- _Exercise directions_: The entries below are to be reproduced exactly, with their pictures omitted.

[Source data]
BEGIN

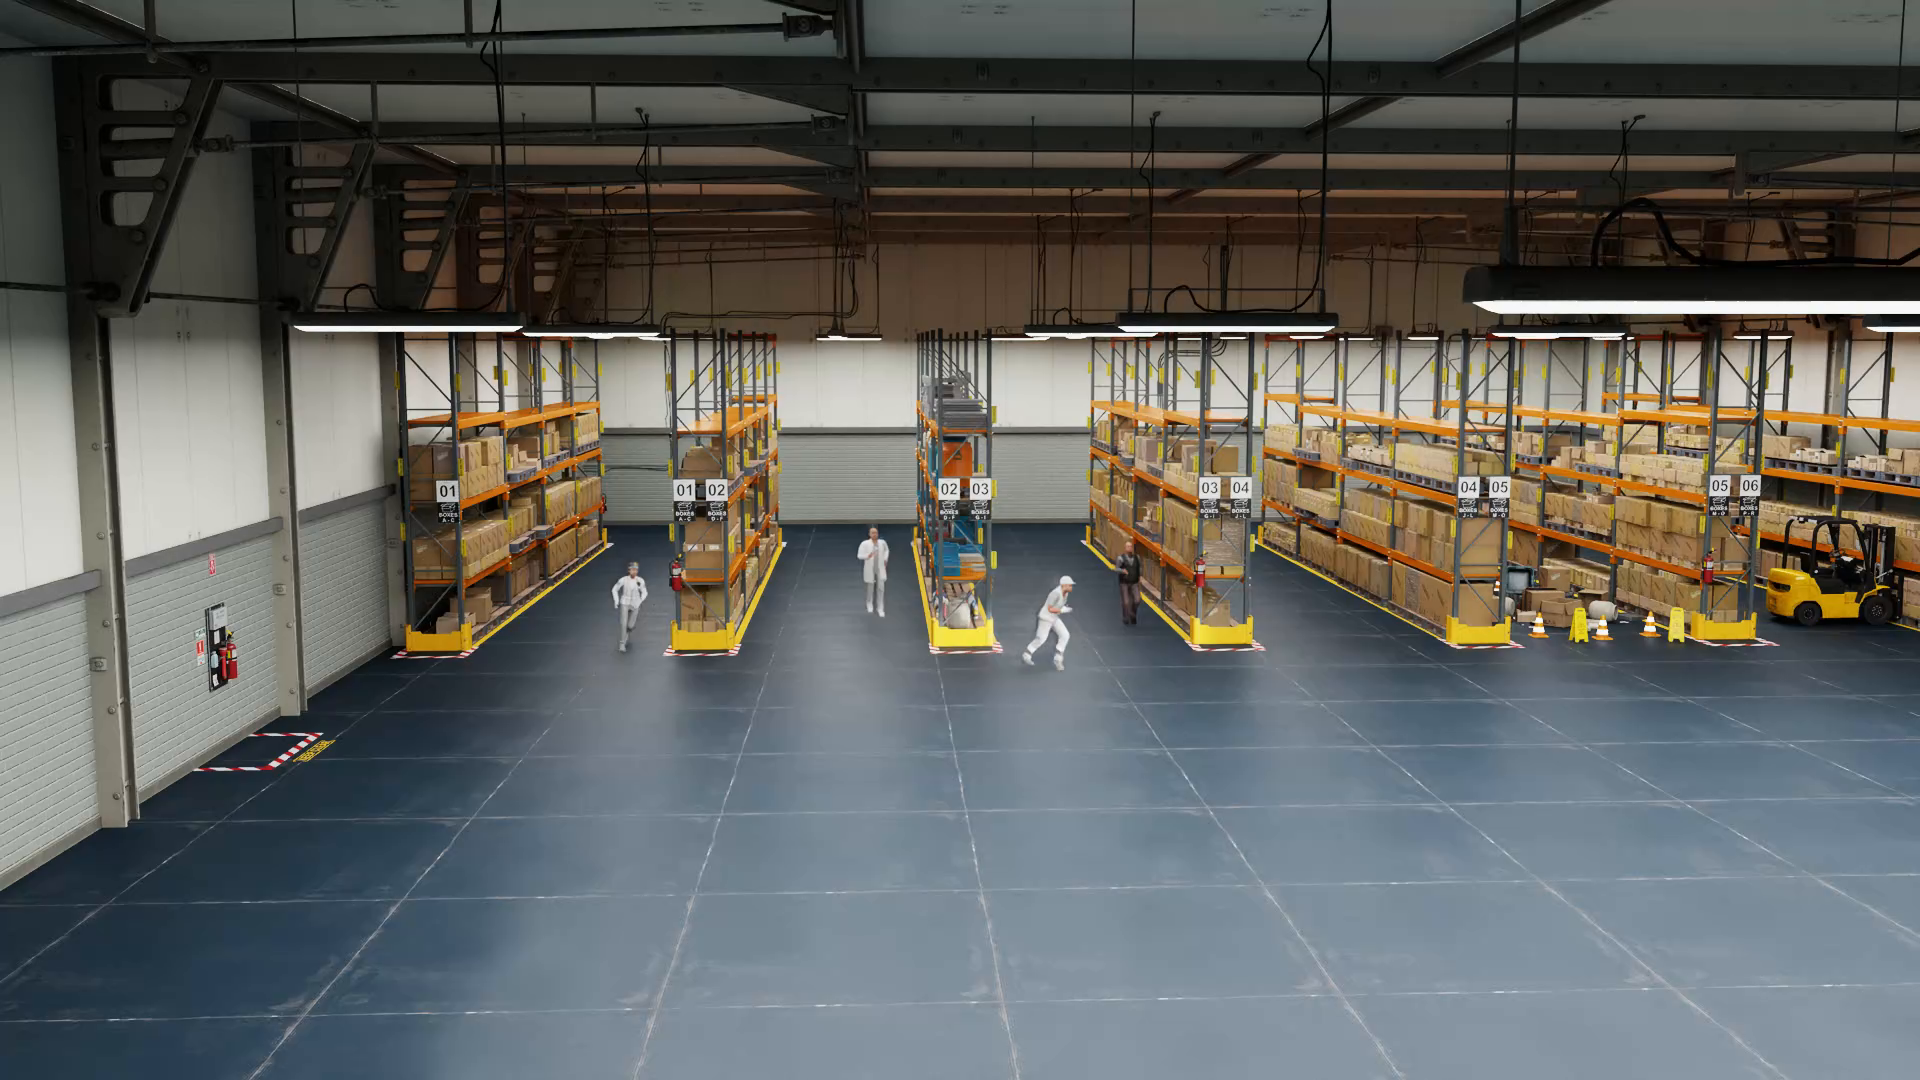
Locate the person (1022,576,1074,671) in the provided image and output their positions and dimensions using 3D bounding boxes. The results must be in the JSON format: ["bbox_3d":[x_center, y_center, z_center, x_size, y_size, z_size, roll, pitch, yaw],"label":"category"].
[{"bbox_3d":[1.565,1.464,29.314,1.011,1.717,0.705,3,8,27],"label":"person"}]

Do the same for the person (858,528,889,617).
[{"bbox_3d":[-1.764,0.641,34.265,0.701,1.789,0.949,-2,7,-13],"label":"person"}]

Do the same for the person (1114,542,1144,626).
[{"bbox_3d":[3.454,0.906,33.715,0.642,1.716,0.646,-1,7,-5],"label":"person"}]

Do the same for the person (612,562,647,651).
[{"bbox_3d":[-6.231,1.240,31.355,0.637,1.662,0.654,-2,7,-17],"label":"person"}]

END

- _Answer_:
Locate the person (1022,576,1074,671) in the provided image and output their positions and dimensions using 3D bounding boxes. The results must be in the JSON format: ["bbox_3d":[x_center, y_center, z_center, x_size, y_size, z_size, roll, pitch, yaw],"label":"category"].
[{"bbox_3d":[1.565,1.464,29.314,1.011,1.717,0.705,3,8,27],"label":"person"}]

Do the same for the person (858,528,889,617).
[{"bbox_3d":[-1.764,0.641,34.265,0.701,1.789,0.949,-2,7,-13],"label":"person"}]

Do the same for the person (1114,542,1144,626).
[{"bbox_3d":[3.454,0.906,33.715,0.642,1.716,0.646,-1,7,-5],"label":"person"}]

Do the same for the person (612,562,647,651).
[{"bbox_3d":[-6.231,1.240,31.355,0.637,1.662,0.654,-2,7,-17],"label":"person"}]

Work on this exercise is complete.